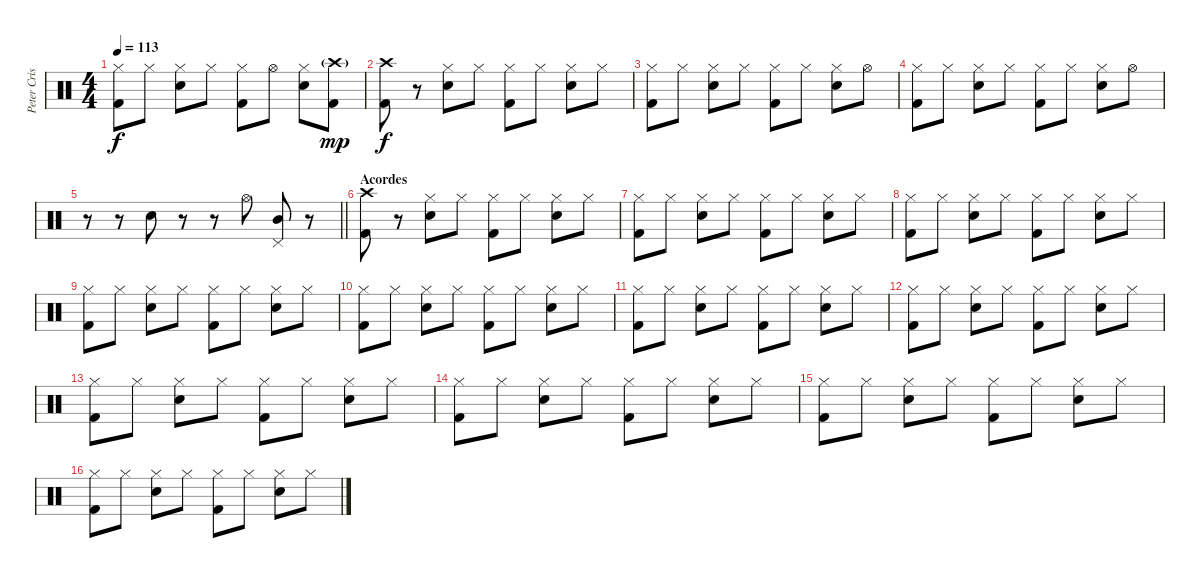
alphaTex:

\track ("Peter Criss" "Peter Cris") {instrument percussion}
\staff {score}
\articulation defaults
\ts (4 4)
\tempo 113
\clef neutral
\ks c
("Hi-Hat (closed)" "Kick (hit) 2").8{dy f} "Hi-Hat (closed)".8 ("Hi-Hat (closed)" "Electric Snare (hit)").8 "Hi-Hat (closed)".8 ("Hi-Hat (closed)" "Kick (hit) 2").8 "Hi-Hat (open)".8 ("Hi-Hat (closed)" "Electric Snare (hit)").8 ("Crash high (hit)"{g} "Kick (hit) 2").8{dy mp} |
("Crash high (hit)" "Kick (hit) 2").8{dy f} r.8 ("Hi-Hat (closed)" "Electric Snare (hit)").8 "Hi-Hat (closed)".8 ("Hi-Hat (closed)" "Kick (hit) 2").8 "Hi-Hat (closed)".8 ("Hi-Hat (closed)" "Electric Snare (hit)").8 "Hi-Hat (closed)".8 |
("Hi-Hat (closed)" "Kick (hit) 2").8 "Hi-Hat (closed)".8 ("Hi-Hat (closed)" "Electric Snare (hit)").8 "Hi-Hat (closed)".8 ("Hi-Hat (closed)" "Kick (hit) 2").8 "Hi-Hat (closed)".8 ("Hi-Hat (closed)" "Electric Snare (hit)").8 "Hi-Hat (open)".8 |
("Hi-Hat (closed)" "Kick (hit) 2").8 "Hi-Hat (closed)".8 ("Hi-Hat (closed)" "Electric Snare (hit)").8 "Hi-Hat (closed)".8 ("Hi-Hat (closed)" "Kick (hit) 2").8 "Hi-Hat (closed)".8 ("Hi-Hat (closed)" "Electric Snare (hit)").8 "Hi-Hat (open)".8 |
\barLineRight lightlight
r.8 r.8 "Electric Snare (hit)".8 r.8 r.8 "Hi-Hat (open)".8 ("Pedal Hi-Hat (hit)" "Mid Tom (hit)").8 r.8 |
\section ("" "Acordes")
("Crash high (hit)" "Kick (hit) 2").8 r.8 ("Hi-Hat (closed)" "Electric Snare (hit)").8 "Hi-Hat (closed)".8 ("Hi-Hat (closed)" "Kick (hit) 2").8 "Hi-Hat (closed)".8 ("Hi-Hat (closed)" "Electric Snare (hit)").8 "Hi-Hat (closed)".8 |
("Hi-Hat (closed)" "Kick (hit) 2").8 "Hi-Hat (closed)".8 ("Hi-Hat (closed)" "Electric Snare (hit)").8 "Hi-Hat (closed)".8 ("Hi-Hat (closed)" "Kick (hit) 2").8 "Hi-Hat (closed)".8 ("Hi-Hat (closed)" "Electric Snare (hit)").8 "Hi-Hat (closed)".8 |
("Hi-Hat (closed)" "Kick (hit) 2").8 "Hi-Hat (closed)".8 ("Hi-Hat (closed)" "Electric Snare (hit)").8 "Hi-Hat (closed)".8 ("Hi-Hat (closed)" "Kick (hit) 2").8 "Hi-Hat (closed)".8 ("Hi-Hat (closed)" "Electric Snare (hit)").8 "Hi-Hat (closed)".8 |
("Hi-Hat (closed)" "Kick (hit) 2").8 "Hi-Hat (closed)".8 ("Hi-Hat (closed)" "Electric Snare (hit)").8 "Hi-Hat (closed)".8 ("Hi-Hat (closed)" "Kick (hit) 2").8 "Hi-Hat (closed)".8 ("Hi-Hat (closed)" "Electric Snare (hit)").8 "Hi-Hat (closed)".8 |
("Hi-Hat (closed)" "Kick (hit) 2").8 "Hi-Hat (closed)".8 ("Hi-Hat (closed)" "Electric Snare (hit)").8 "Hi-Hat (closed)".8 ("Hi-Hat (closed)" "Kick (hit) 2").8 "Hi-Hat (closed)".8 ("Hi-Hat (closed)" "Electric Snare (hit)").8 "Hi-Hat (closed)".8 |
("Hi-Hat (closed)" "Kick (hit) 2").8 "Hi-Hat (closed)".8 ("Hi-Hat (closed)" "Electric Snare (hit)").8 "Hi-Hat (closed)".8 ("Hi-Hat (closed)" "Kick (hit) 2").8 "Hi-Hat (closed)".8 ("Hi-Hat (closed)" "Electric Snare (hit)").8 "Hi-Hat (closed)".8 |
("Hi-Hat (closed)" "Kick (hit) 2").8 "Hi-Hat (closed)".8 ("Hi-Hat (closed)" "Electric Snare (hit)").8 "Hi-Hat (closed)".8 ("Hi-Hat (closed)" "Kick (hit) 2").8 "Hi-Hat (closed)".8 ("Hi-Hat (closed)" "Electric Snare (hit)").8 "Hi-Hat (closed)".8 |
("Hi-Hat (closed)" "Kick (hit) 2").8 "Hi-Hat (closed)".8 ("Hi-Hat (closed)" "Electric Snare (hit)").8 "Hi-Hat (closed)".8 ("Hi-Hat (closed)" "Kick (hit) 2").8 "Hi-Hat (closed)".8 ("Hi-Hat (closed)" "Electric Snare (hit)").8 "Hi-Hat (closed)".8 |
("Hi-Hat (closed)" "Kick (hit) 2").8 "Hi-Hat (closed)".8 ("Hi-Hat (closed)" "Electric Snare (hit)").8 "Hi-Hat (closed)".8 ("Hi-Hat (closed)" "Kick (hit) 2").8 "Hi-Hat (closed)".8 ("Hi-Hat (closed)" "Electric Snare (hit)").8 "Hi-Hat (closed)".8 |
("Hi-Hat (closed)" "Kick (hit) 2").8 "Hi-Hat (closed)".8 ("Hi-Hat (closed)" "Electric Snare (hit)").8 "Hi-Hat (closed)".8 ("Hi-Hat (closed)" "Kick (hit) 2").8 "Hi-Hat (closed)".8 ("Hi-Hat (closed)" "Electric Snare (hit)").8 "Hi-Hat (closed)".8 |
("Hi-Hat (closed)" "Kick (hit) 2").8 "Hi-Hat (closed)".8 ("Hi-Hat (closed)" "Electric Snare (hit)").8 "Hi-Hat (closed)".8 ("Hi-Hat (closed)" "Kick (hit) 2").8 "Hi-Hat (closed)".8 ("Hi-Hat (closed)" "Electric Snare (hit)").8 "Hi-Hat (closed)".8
************
[WORK TO BE COMPLETED]: In transcribing the listing, keep each word as it is and drop the pictures.

[TASK RESULT]:
alphaTex:

\track ("Peter Criss" "Peter Cris") {instrument percussion}
\staff {score}
\articulation defaults
\ts (4 4)
\tempo 113
\clef neutral
\ks c
("Hi-Hat (closed)" "Kick (hit) 2").8{dy f} "Hi-Hat (closed)".8 ("Hi-Hat (closed)" "Electric Snare (hit)").8 "Hi-Hat (closed)".8 ("Hi-Hat (closed)" "Kick (hit) 2").8 "Hi-Hat (open)".8 ("Hi-Hat (closed)" "Electric Snare (hit)").8 ("Crash high (hit)"{g} "Kick (hit) 2").8{dy mp} |
("Crash high (hit)" "Kick (hit) 2").8{dy f} r.8 ("Hi-Hat (closed)" "Electric Snare (hit)").8 "Hi-Hat (closed)".8 ("Hi-Hat (closed)" "Kick (hit) 2").8 "Hi-Hat (closed)".8 ("Hi-Hat (closed)" "Electric Snare (hit)").8 "Hi-Hat (closed)".8 |
("Hi-Hat (closed)" "Kick (hit) 2").8 "Hi-Hat (closed)".8 ("Hi-Hat (closed)" "Electric Snare (hit)").8 "Hi-Hat (closed)".8 ("Hi-Hat (closed)" "Kick (hit) 2").8 "Hi-Hat (closed)".8 ("Hi-Hat (closed)" "Electric Snare (hit)").8 "Hi-Hat (open)".8 |
("Hi-Hat (closed)" "Kick (hit) 2").8 "Hi-Hat (closed)".8 ("Hi-Hat (closed)" "Electric Snare (hit)").8 "Hi-Hat (closed)".8 ("Hi-Hat (closed)" "Kick (hit) 2").8 "Hi-Hat (closed)".8 ("Hi-Hat (closed)" "Electric Snare (hit)").8 "Hi-Hat (open)".8 |
\barLineRight lightlight
r.8 r.8 "Electric Snare (hit)".8 r.8 r.8 "Hi-Hat (open)".8 ("Pedal Hi-Hat (hit)" "Mid Tom (hit)").8 r.8 |
\section ("" "Acordes")
("Crash high (hit)" "Kick (hit) 2").8 r.8 ("Hi-Hat (closed)" "Electric Snare (hit)").8 "Hi-Hat (closed)".8 ("Hi-Hat (closed)" "Kick (hit) 2").8 "Hi-Hat (closed)".8 ("Hi-Hat (closed)" "Electric Snare (hit)").8 "Hi-Hat (closed)".8 |
("Hi-Hat (closed)" "Kick (hit) 2").8 "Hi-Hat (closed)".8 ("Hi-Hat (closed)" "Electric Snare (hit)").8 "Hi-Hat (closed)".8 ("Hi-Hat (closed)" "Kick (hit) 2").8 "Hi-Hat (closed)".8 ("Hi-Hat (closed)" "Electric Snare (hit)").8 "Hi-Hat (closed)".8 |
("Hi-Hat (closed)" "Kick (hit) 2").8 "Hi-Hat (closed)".8 ("Hi-Hat (closed)" "Electric Snare (hit)").8 "Hi-Hat (closed)".8 ("Hi-Hat (closed)" "Kick (hit) 2").8 "Hi-Hat (closed)".8 ("Hi-Hat (closed)" "Electric Snare (hit)").8 "Hi-Hat (closed)".8 |
("Hi-Hat (closed)" "Kick (hit) 2").8 "Hi-Hat (closed)".8 ("Hi-Hat (closed)" "Electric Snare (hit)").8 "Hi-Hat (closed)".8 ("Hi-Hat (closed)" "Kick (hit) 2").8 "Hi-Hat (closed)".8 ("Hi-Hat (closed)" "Electric Snare (hit)").8 "Hi-Hat (closed)".8 |
("Hi-Hat (closed)" "Kick (hit) 2").8 "Hi-Hat (closed)".8 ("Hi-Hat (closed)" "Electric Snare (hit)").8 "Hi-Hat (closed)".8 ("Hi-Hat (closed)" "Kick (hit) 2").8 "Hi-Hat (closed)".8 ("Hi-Hat (closed)" "Electric Snare (hit)").8 "Hi-Hat (closed)".8 |
("Hi-Hat (closed)" "Kick (hit) 2").8 "Hi-Hat (closed)".8 ("Hi-Hat (closed)" "Electric Snare (hit)").8 "Hi-Hat (closed)".8 ("Hi-Hat (closed)" "Kick (hit) 2").8 "Hi-Hat (closed)".8 ("Hi-Hat (closed)" "Electric Snare (hit)").8 "Hi-Hat (closed)".8 |
("Hi-Hat (closed)" "Kick (hit) 2").8 "Hi-Hat (closed)".8 ("Hi-Hat (closed)" "Electric Snare (hit)").8 "Hi-Hat (closed)".8 ("Hi-Hat (closed)" "Kick (hit) 2").8 "Hi-Hat (closed)".8 ("Hi-Hat (closed)" "Electric Snare (hit)").8 "Hi-Hat (closed)".8 |
("Hi-Hat (closed)" "Kick (hit) 2").8 "Hi-Hat (closed)".8 ("Hi-Hat (closed)" "Electric Snare (hit)").8 "Hi-Hat (closed)".8 ("Hi-Hat (closed)" "Kick (hit) 2").8 "Hi-Hat (closed)".8 ("Hi-Hat (closed)" "Electric Snare (hit)").8 "Hi-Hat (closed)".8 |
("Hi-Hat (closed)" "Kick (hit) 2").8 "Hi-Hat (closed)".8 ("Hi-Hat (closed)" "Electric Snare (hit)").8 "Hi-Hat (closed)".8 ("Hi-Hat (closed)" "Kick (hit) 2").8 "Hi-Hat (closed)".8 ("Hi-Hat (closed)" "Electric Snare (hit)").8 "Hi-Hat (closed)".8 |
("Hi-Hat (closed)" "Kick (hit) 2").8 "Hi-Hat (closed)".8 ("Hi-Hat (closed)" "Electric Snare (hit)").8 "Hi-Hat (closed)".8 ("Hi-Hat (closed)" "Kick (hit) 2").8 "Hi-Hat (closed)".8 ("Hi-Hat (closed)" "Electric Snare (hit)").8 "Hi-Hat (closed)".8 |
("Hi-Hat (closed)" "Kick (hit) 2").8 "Hi-Hat (closed)".8 ("Hi-Hat (closed)" "Electric Snare (hit)").8 "Hi-Hat (closed)".8 ("Hi-Hat (closed)" "Kick (hit) 2").8 "Hi-Hat (closed)".8 ("Hi-Hat (closed)" "Electric Snare (hit)").8 "Hi-Hat (closed)".8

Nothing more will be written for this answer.